Kieron Gillen's workblog

 
             

   
 
 

6/02/2004

 
Thinking, reading, thinking, reading.

Earlier today I sent off what will hopefully be the final take for the oddball gig I've been doing for the last few weeks. It was adding an English spin to a babelfish translation of a french videogame, which was much more work than I dreamed of and I wish I'd quoted at least twice as much for it. But still - a new "thing", which is what really attracted me to the gig and I'm hardly out of pocket. The actual in-game text conversion was mostly just making sure that they were in something approaching English, though I couldn't help but tart up some of the characters. The most creativity was put into the actual spoken word stuff, which I had to turn around ridiculously quickly mid-last month. While still a rewrite thing - meaning that I had to keep vaguely within the template the developers had laid down, leading to some gags that I really wouldn't have gone for - there's a lot more that may be visibly recognisable as a Gillenism. Or stolen Rossigags in a couple of cases.

Actually, I notice that the English demo came out last week. You can download it from all over the place, but I'll plug Eurogamer because I love them so. The game's called Chaos League, it's about orcs and goblins bashing the living shit out of each other while playing a pseudo-American Football and should be out in July at some point. Or so I understand anyway.

Dialogue is mine, but the text-prompts are still the direct conversions. Still: should be enough to have a decent look at the game.

Download, play, and tell me what you think.

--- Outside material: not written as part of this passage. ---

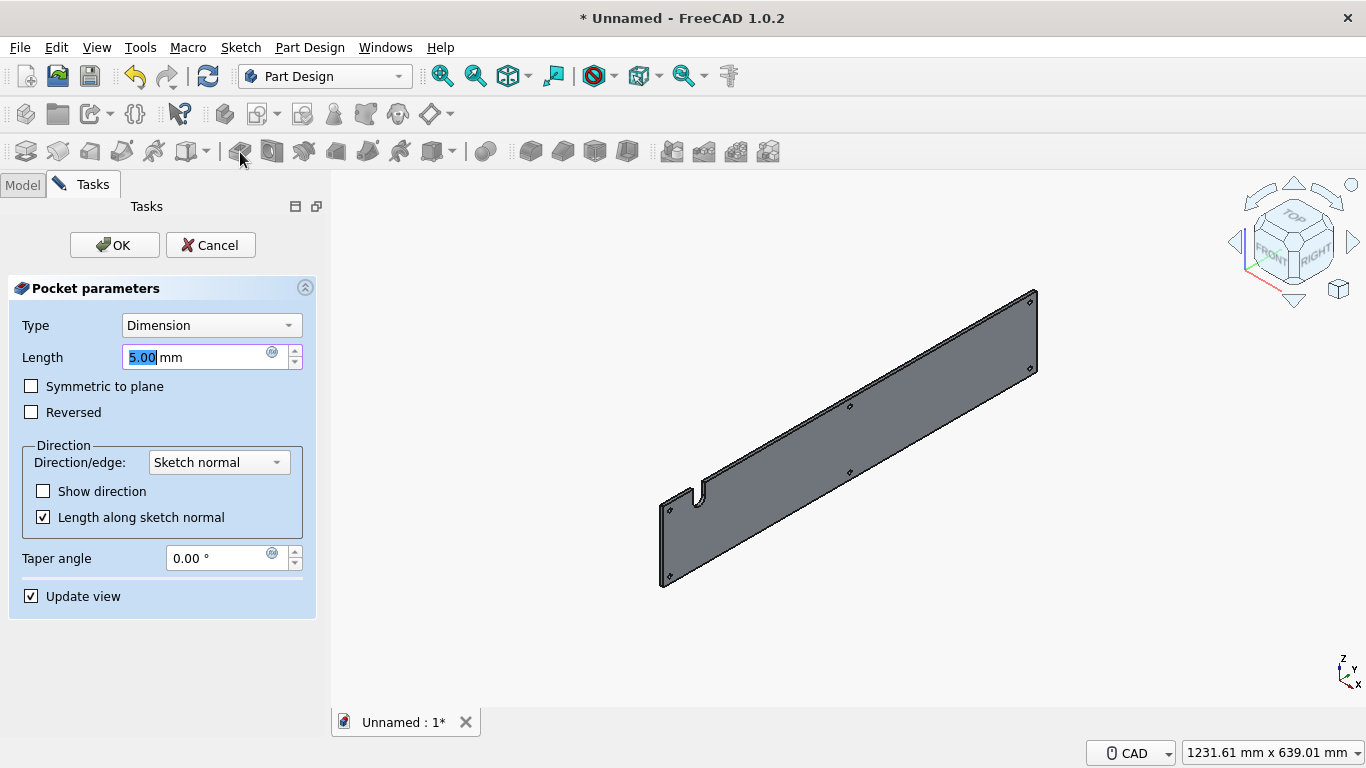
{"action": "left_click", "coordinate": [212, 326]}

But that's not really what I'm thinking or reading about.

Bristol prompts all manner of self-analysis (I just wrote "Self-analysiation", which doesn't bode well for continuing standards of literacy in this post), as it neatly marks another twelve months in my comics creative life - I hammered out my first rough script for HIT 1 (or plain HIT as it was known then) upon arriving home from a drunken Bristol where Jim and I just hung at the bar, talked to virtually no-one and glared sinisterly, plotting. What we didn't really know, but definitely some scheme in mind.

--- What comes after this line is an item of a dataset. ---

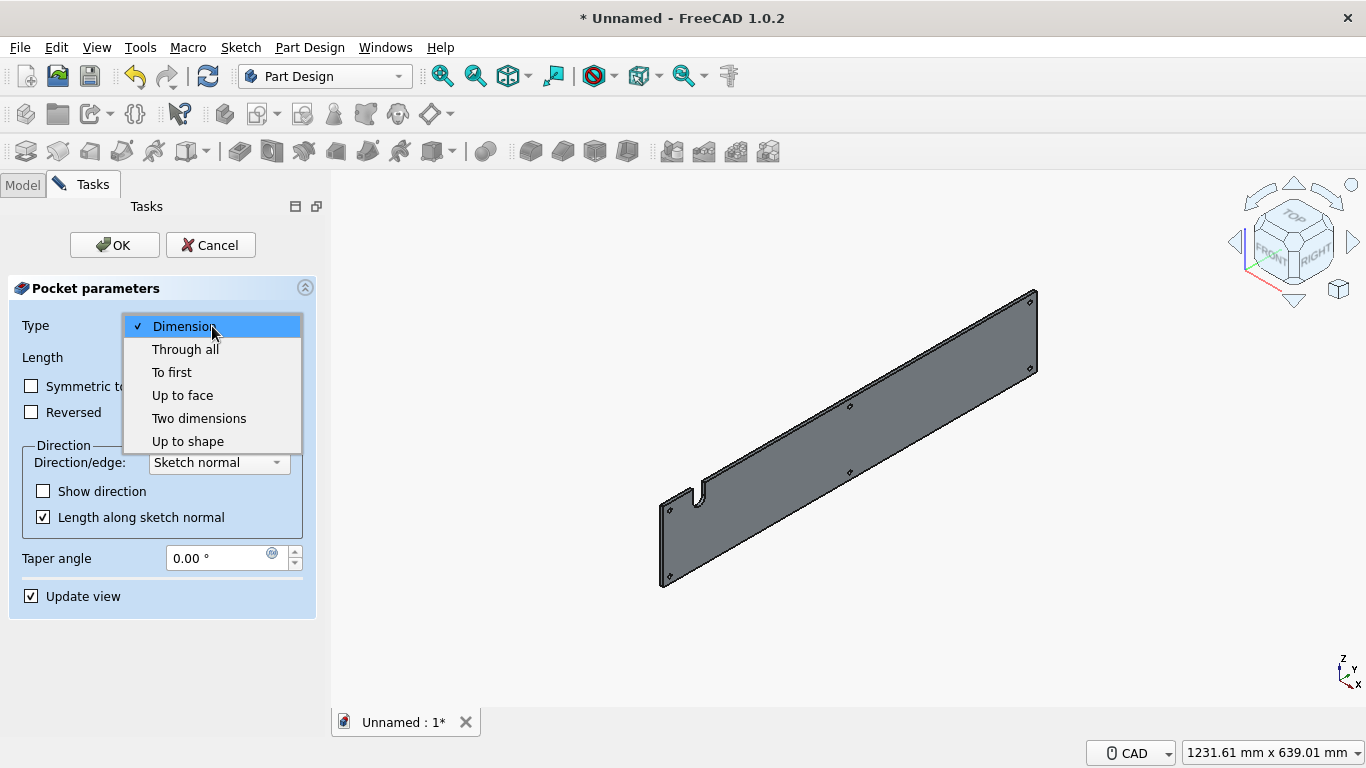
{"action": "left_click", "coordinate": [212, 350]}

Unlike most of my peers, I entirely failed to get any decent networking done, because I'm rubbish, distractable, oddly reticent to approach people, even more rubbish and often find myself getting enthralled by just going somewhere and thinking really hard about something. Being around comics sharpens up your thinking. Sitting in a room for an hour and a half watching people publically humiliate themselves with remedial pitches of comic ideas has a way of focusing your mind on story structure and the actual pitching process. Seeing people make mistakes with such complete lack of ellegance has a way of underline more common errors people make. For example, seeing someone try and sell a story that was essentially Toy Story meets American Tabloid (without ever putting it in a way even that entertaining), without dealing with any of the subtext and purely describing a litany of child-abuse, rape, murder, suicide, incest and every other thing on the big list of obvious bad things... well, just made me hugely angry at such fucking lazy writing. I killed a little baby. Don't you feel bad now?

So I went home, read an e-mail from Charity and bounced one back agreeing entirely and making a major alteration to the ever-growing synopsis for this Busted Wonder thing we're working on - the lazy, melodramatic bit which was only included for the Nick Cave part of me that likes to see pretty girls lying dead on hills.

Which leads me back to the thinking and the readings. Wandered through Midsummer Night's Dream (Virtually nothing useful, to be honest) and Christabel (Pretty much the whole thing useful, to be honest) and discovered that pretty much everyone on the planet has a theory about Fairies. Have my Dictionary of Fairies - Cheers for the heads up, Nick - which I'd idly diving into. And I touch the Brewer's for luck whenever I wander into the bathroom.

Not true that one, but myths have to start somewhere, so it may as well be here.

So yes: Bristol alternated between a pulsing depression and moments of quiet optimism.

For the comics stuff, clearly. The V-roadshow was as entertaining as ever.